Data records
+---+
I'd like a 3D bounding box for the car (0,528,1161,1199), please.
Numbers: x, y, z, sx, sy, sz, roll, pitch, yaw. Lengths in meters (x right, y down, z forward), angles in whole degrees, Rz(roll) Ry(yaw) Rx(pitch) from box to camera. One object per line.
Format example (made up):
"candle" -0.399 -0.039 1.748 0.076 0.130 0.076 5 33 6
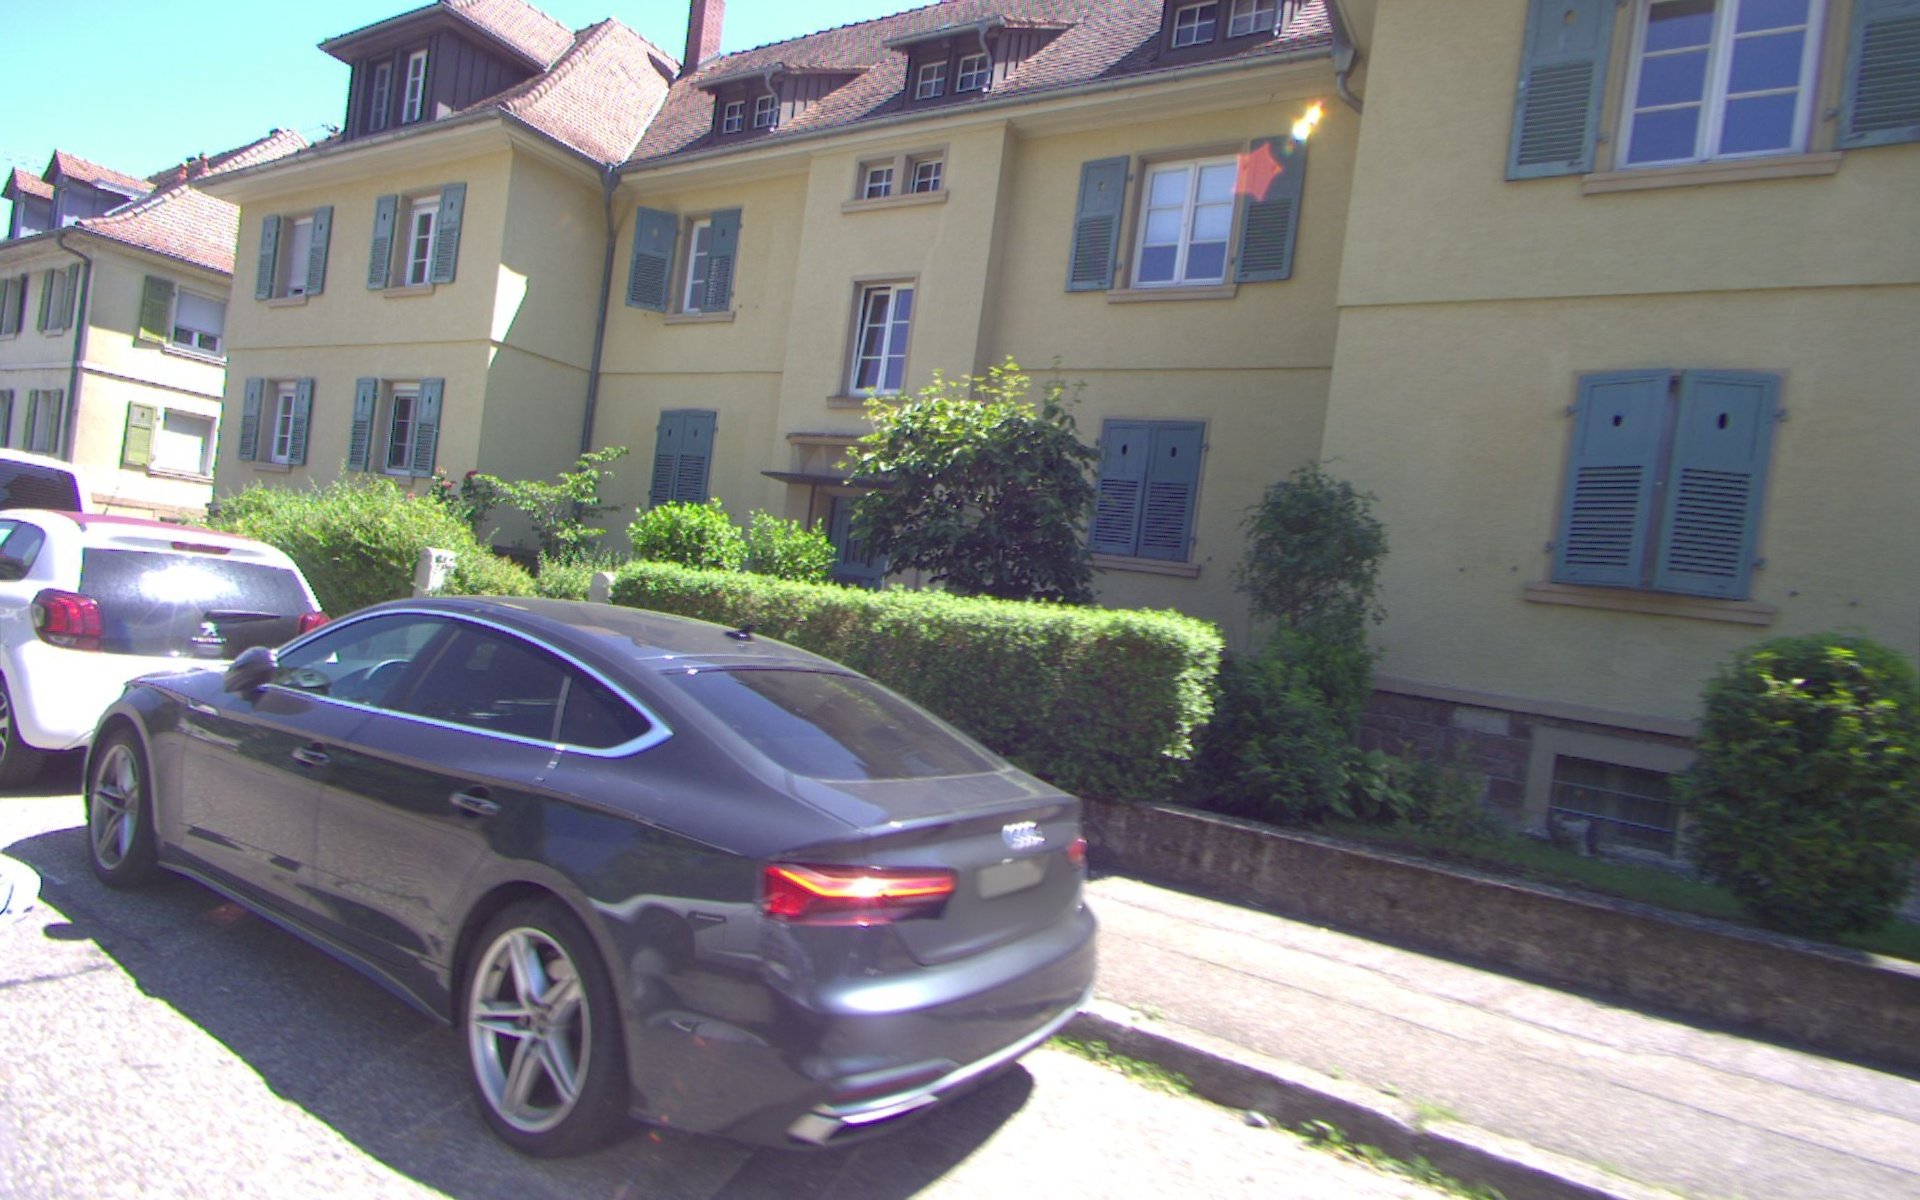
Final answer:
"car" -1.742 0.686 3.961 4.530 1.387 1.764 7 -1 31

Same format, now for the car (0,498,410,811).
"car" -5.517 0.177 6.500 3.587 1.468 1.764 7 -1 31

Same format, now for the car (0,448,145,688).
"car" -9.949 -0.514 9.394 4.743 1.922 1.999 7 -3 32
+---+
Taking each record in turn, retype it exactly and drop any picture.

■ **Written answer**:
I'd like a 3D bounding box for the car (0,528,1161,1199), please.
Numbers: x, y, z, sx, sy, sz, roll, pitch, yaw. Lengths in meters (x right, y down, z forward), angles in whole degrees, Rz(roll) Ry(yaw) Rx(pitch) from box to camera. One object per line.
Format example (made up):
"candle" -0.399 -0.039 1.748 0.076 0.130 0.076 5 33 6
Final answer:
"car" -1.742 0.686 3.961 4.530 1.387 1.764 7 -1 31

Same format, now for the car (0,498,410,811).
"car" -5.517 0.177 6.500 3.587 1.468 1.764 7 -1 31

Same format, now for the car (0,448,145,688).
"car" -9.949 -0.514 9.394 4.743 1.922 1.999 7 -3 32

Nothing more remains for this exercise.